TASK ITEM. Print the data below exactly, but only the lines from the one containing "#4 plant pot [0,300,377,479]" down to the one containing "#17 sneaker [0,200,70,271]", inclusive.

PROVIDED MATERIAL.
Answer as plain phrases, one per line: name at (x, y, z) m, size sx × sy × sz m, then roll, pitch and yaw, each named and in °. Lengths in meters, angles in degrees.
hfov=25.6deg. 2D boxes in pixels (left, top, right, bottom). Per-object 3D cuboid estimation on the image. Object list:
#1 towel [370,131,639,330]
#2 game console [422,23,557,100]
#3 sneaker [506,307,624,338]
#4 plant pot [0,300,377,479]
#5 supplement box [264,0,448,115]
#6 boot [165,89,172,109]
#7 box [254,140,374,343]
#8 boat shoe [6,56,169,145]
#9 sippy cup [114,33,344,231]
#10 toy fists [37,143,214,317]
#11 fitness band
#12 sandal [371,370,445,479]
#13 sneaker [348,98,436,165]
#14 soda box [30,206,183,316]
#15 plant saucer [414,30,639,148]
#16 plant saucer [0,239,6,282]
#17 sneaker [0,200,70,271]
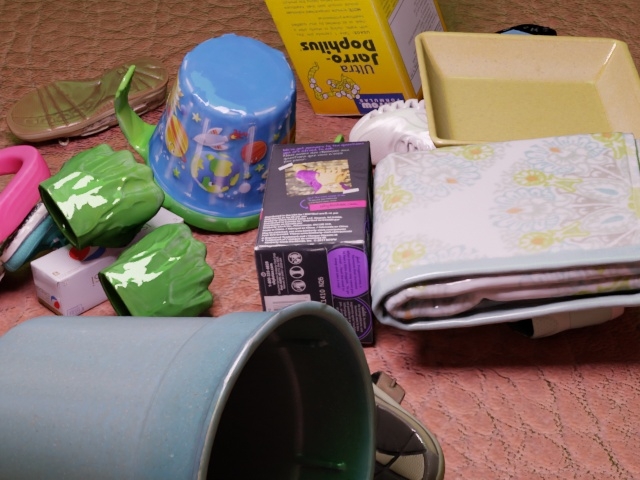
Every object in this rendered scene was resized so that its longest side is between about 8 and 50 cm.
towel at (0.252, -0.019, 1.794) m, size 0.374 × 0.090 × 0.320 m, roll -5°, pitch 32°, yaw 7°
game console at (0.246, -0.332, 2.499) m, size 0.361 × 0.044 × 0.213 m, roll -20°, pitch 35°, yaw -24°
sneaker at (0.274, 0.036, 1.860) m, size 0.151 × 0.094 × 0.256 m, roll -16°, pitch 32°, yaw -12°
plant pot at (-0.167, 0.218, 1.437) m, size 0.334 × 0.341 × 0.341 m, roll 4°, pitch 32°, yaw 29°
supplement box at (0.049, -0.396, 2.276) m, size 0.195 × 0.356 × 0.194 m, roll 2°, pitch 47°, yaw 29°
boot at (-0.152, -0.168, 2.277) m, size 0.207 × 0.090 × 0.248 m, roll 6°, pitch 30°, yaw -5°
box at (0.000, 0.000, 1.883) m, size 0.143 × 0.165 × 0.270 m, roll -2°, pitch 32°, yaw 6°
boat shoe at (-0.388, -0.220, 2.378) m, size 0.285 × 0.089 × 0.104 m, roll -19°, pitch 61°, yaw -17°
sippy cup at (-0.132, -0.169, 2.049) m, size 0.305 × 0.224 × 0.240 m, roll -10°, pitch 55°, yaw -19°
toy fists at (-0.251, -0.002, 1.887) m, size 0.142 × 0.096 × 0.279 m, roll -31°, pitch 76°, yaw -21°
fitness band at (-0.492, -0.042, 1.963) m, size 0.209 × 0.054 × 0.291 m, roll -17°, pitch 27°, yaw 23°
sandal at (0.060, 0.208, 1.621) m, size 0.086 × 0.120 × 0.303 m, roll 9°, pitch 23°, yaw -35°
sneaker at (0.187, -0.146, 2.161) m, size 0.292 × 0.110 × 0.118 m, roll -1°, pitch 41°, yaw 6°
soda box at (-0.292, 0.028, 1.968) m, size 0.216 × 0.069 × 0.074 m, roll -28°, pitch 39°, yaw -34°
plant saucer at (0.311, -0.194, 2.076) m, size 0.333 × 0.081 × 0.332 m, roll 2°, pitch 35°, yaw -2°
plant saucer at (-0.588, 0.063, 1.968) m, size 0.311 × 0.050 × 0.310 m, roll -3°, pitch 32°, yaw 2°
sneaker at (-0.347, -0.023, 2.007) m, size 0.107 × 0.110 × 0.275 m, roll -37°, pitch -1°, yaw 43°

ANSWER BOX.
#4 plant pot [0,300,377,479]
#5 supplement box [264,0,448,115]
#6 boot [165,89,172,109]
#7 box [254,140,374,343]
#8 boat shoe [6,56,169,145]
#9 sippy cup [114,33,344,231]
#10 toy fists [37,143,214,317]
#11 fitness band
#12 sandal [371,370,445,479]
#13 sneaker [348,98,436,165]
#14 soda box [30,206,183,316]
#15 plant saucer [414,30,639,148]
#16 plant saucer [0,239,6,282]
#17 sneaker [0,200,70,271]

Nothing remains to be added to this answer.